You probably know that many of the authors here get interviewed by Naughty Miranda. But she is also an author. She can hardly interview herself, so here I am. I'm also an author, so we have lots to talk about.

But we have different styles; mostly I write about seduction and dominance and she writes mostly about...well, mostly about sucking cocks. She clearly likes to suck cocks.

Look at her profile picture - she is sucking a cock. I rest my case.

ES: Let's get started. This is less a Q&A session than a conversation between two writers on the site. So I have no idea where this is going to end up. So tell me the basics. This will probably replace your old interview, so tell me who you are, where you live, what you do in real life, how old you are. So we all have an idea whether you are an 18-year old virgin (right!) or a 50-year old corporate executive.

NM: When I first started posting on ES, I remember coyly describing myself as "early-thirty-something." That was in 2004 - do the math. But I still live around Philly; I'm still something boring in publishing... yeah, let's go with an 18 year-old virgin.

ES: OK, little virgin, when you read stories on the site, do you do it to learn to write better or...how shall I say...get turned on. Do you read the stories with your panties on or off?

NM: Panties off, for sure. But is that because I usually do my reading on my iPad in bed? You decide.

ES: I guess you sleep naked!

NM: Or in a very long nightie, of course.

ES: Sometimes, I simply read stories to see different approaches to how to write. I'm an engineer by background, so for writing I'm basically self-taught. Funnily enough, I'm now a technical journalist and I think that even professional writing is improved by writing erotic stories. You get feedback in an immediate way that is hard if I wrote Raymond Carver type stories that nobody would read.

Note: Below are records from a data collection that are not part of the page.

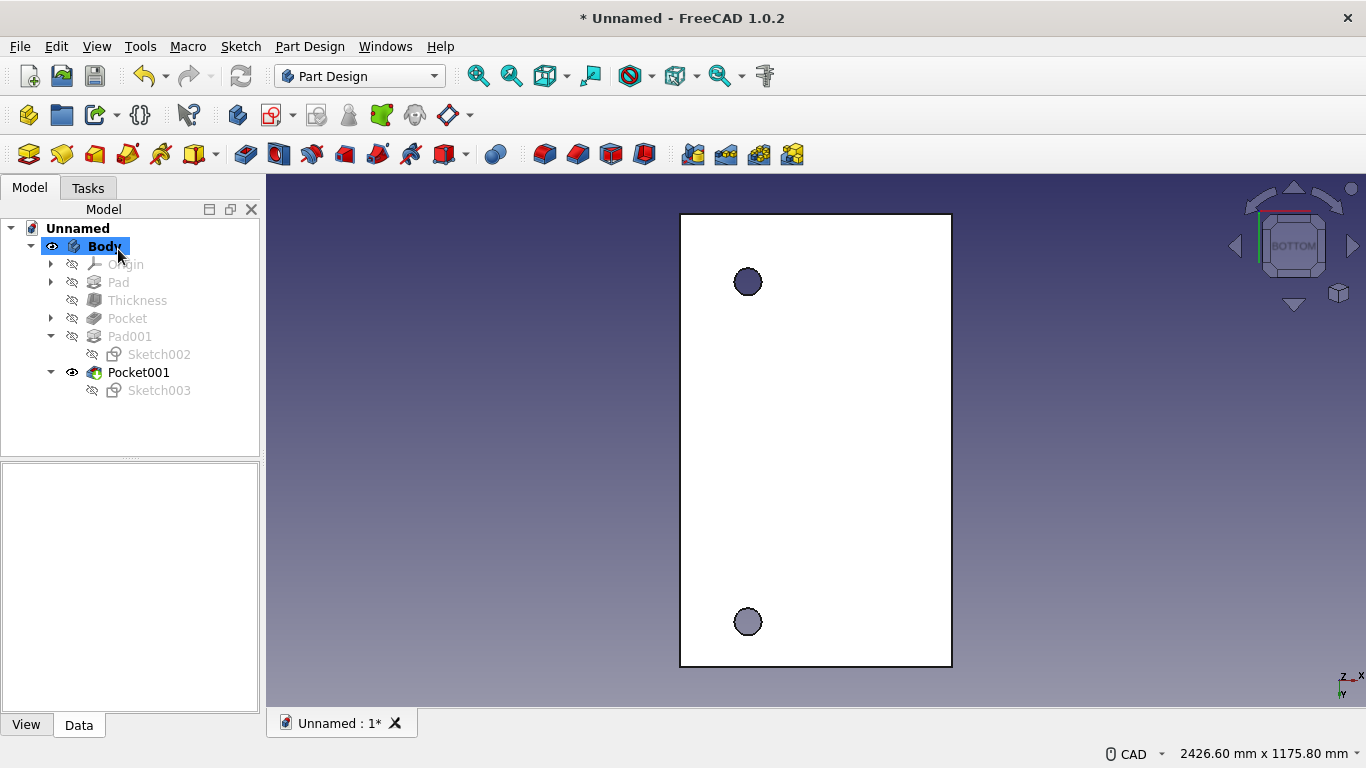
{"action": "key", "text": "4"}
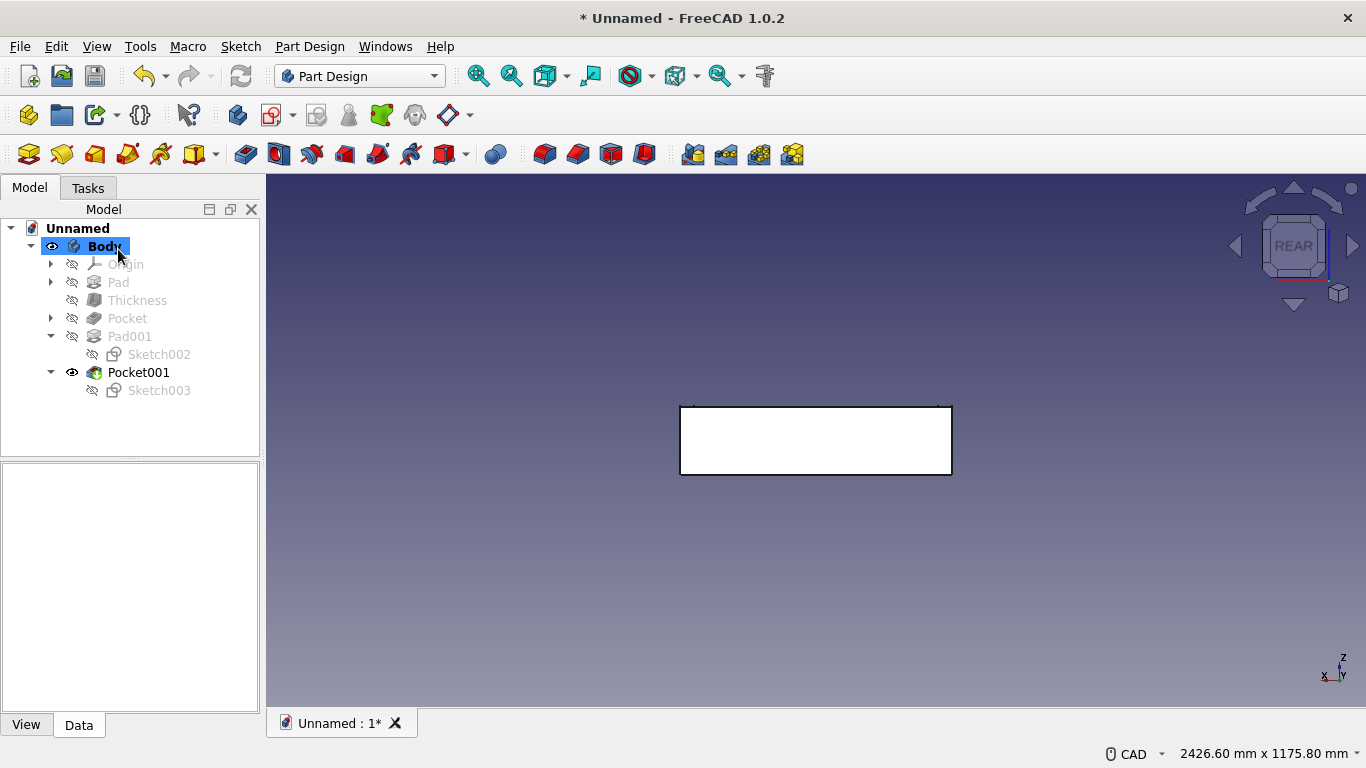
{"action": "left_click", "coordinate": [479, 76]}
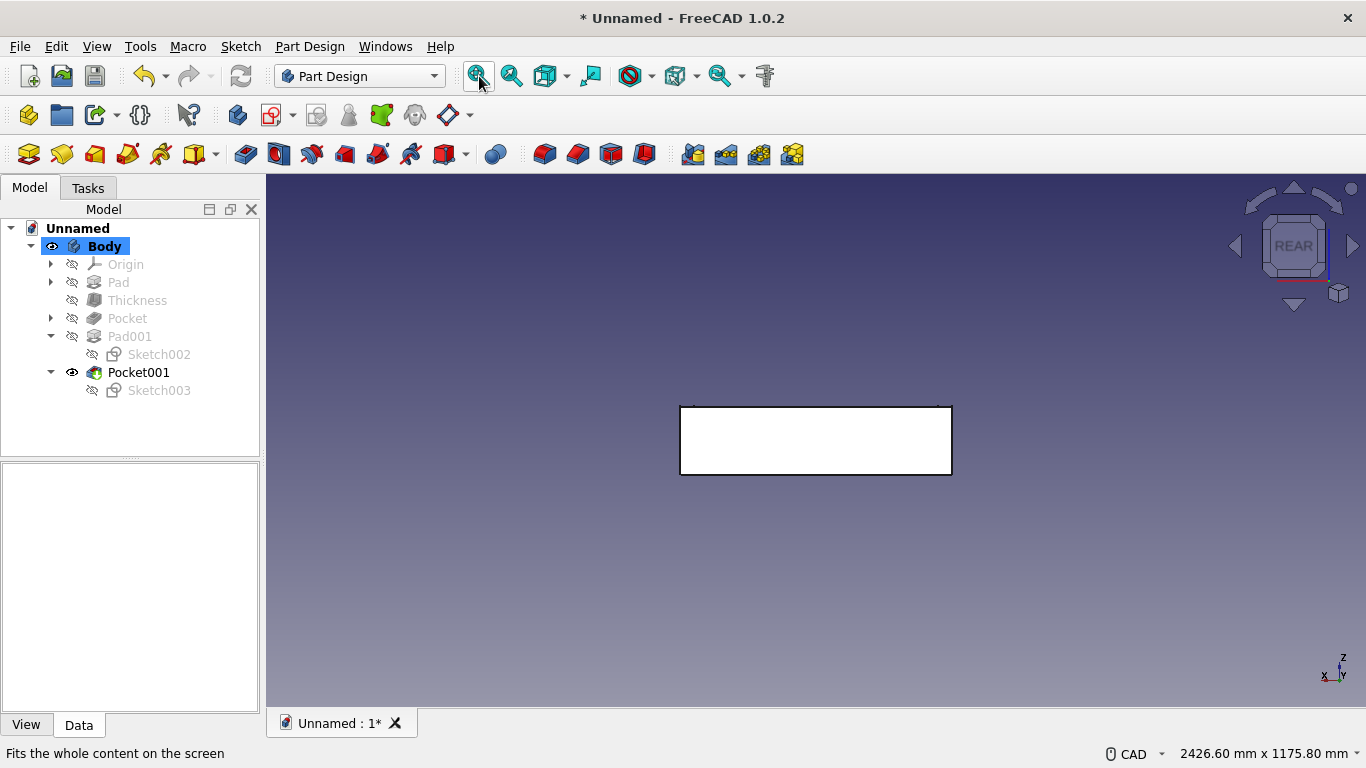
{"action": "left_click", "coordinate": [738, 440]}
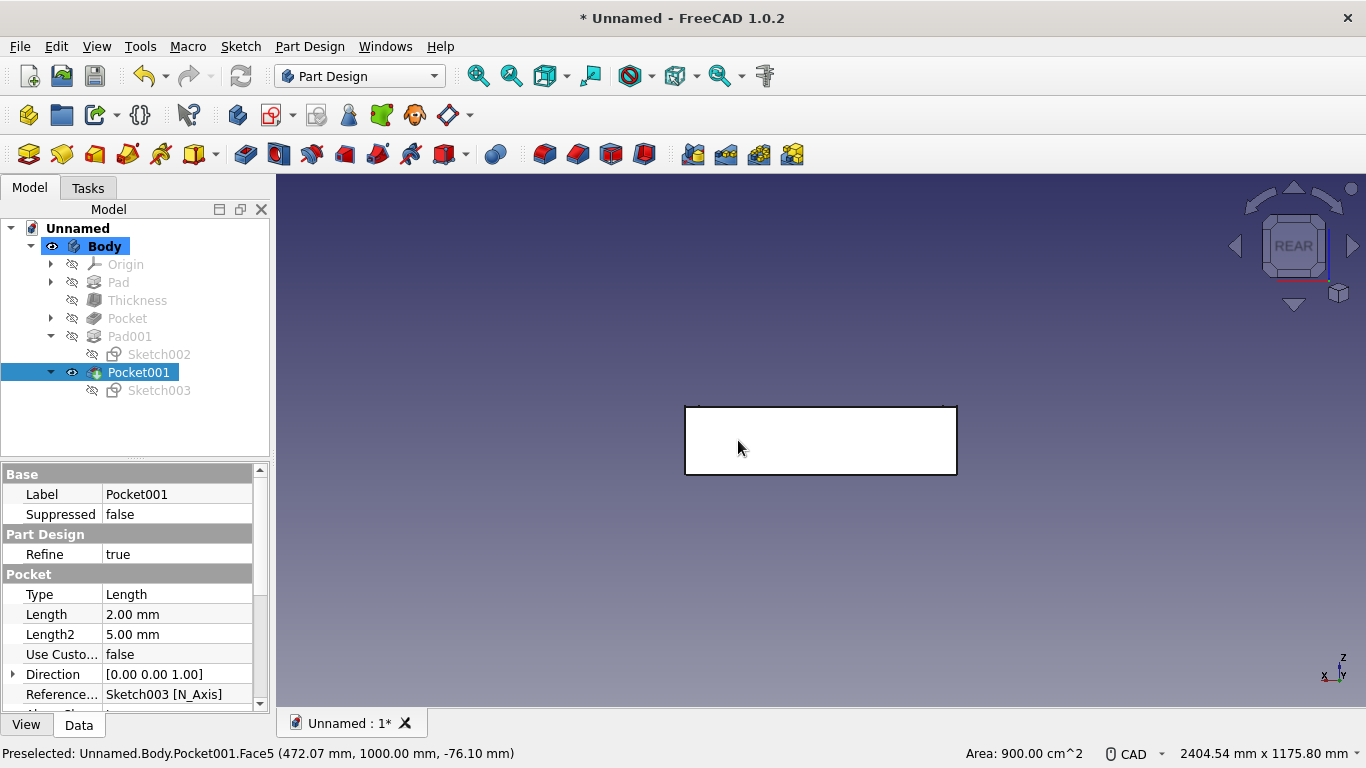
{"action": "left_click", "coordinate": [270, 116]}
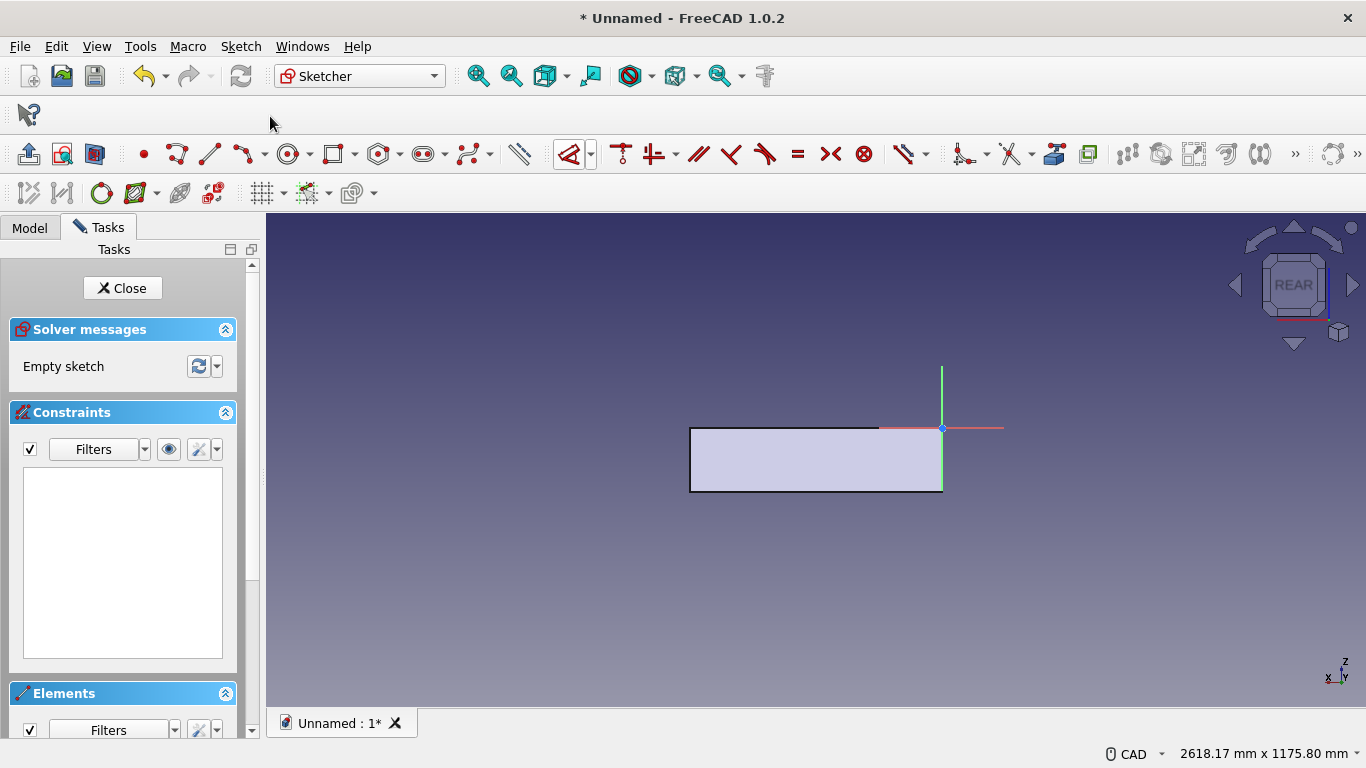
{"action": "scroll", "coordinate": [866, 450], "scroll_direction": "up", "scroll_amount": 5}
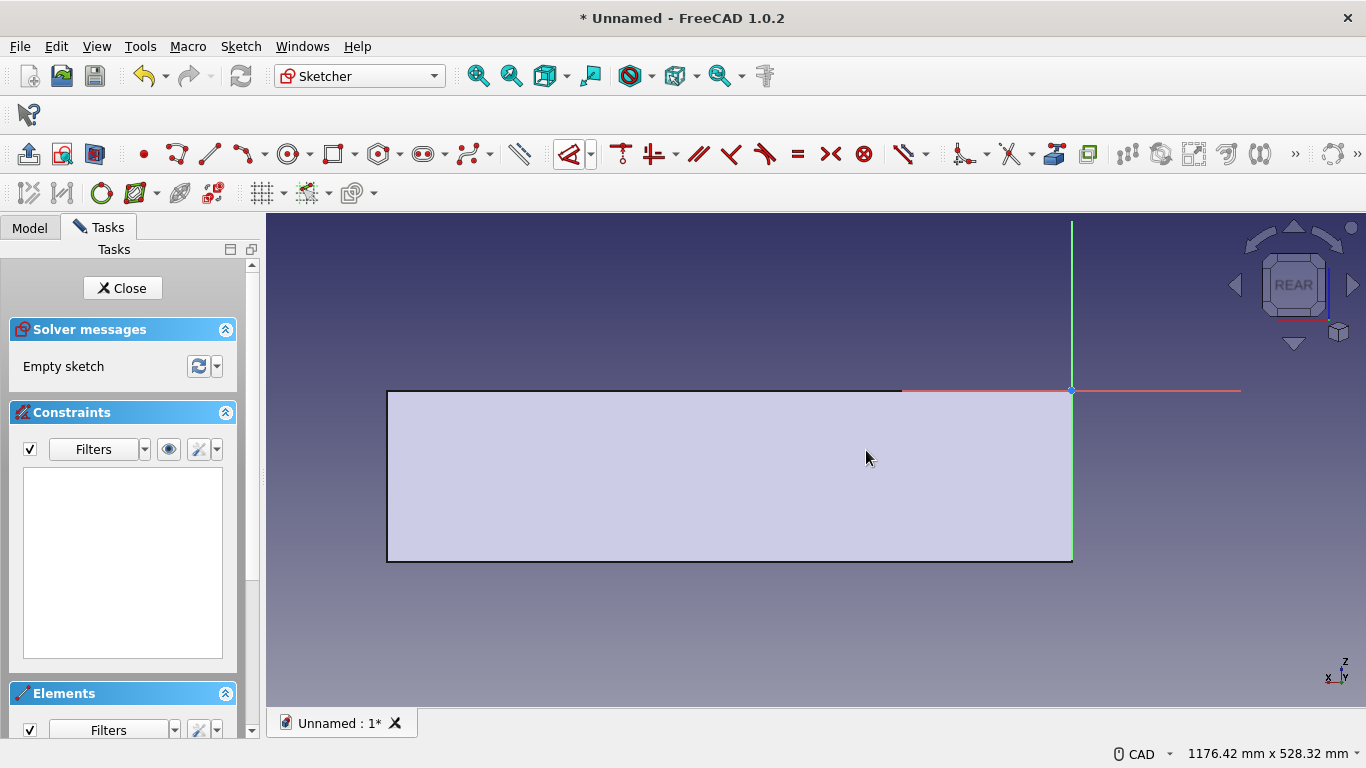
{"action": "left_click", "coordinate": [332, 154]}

NM: I think most good writers are self-taught. You have to have the ability, and the urge, to write inside you first. All you can be taught is how to then present your writing in a readable fashion, organize your thoughts and so on. And that's one of the reasons I love ES, because you do get to read things by people who are writing purely for the sake of writing; and so what if they don't really know how to parse a sentence or deploy a gerund? There's a rawness there, and an untutored energy that is sometimes as exciting as the action.

ES: Tell me about writing a story. I know from my own experience that I can't just open up the word-processor and start, if I don't already have good ideas already. Or at least good characters that I can let loose. How does it work for you?

NM: I do tend to just start. Something will occur to me, someone will say something or I'll see something that suggests a story, and off it goes. I rarely know what is going to happen until I get there; and when I do think I have a storyline, I usually leave it behind long before I start thinking about resolution. Like you said... you have some characters, you let them loose. They're going to do what they're going to do.

I think that's one of the reasons I don't always publish as many stories as I'd like to. The characters are all busy doing other things!

ES: Yes, I find that my best stories come from imagining a couple of characters (or occasionally more) and seeing where they end up. Of course, these are erotic stories, it is no surprise that their panties all come off in the end, as it were, but the journey can be the reward. Often things happen that I had never considered when I started the story. Plus I like to drive the story with dialog, and you never know where that is going to go.

NM: You try and tailor the action to suit the kind of story you're writing, but there have been many occasions where I've sat down with what I think is a really hot erotic scene in mind, and the story never gets to it - it just goes off in another direction entirely. Obviously, I don't post those ones here!

ES: You love to give oral sex; suck cocks. I don't care how much you say that your stories are not completely true to life, that just comes through. When you meet a new guy, how does it all go? You can't just come out and say 'I want to suck your cock so much' in the middle of dinner if your pussy is telling you he is hot.

NM: Ummm... I did once.

ES: I'm talking about real life here, not in one of your stories.

NM: No, I really did once.

ES: Well that sounds like a story right there! You have to tell us more. Or put a story on the site.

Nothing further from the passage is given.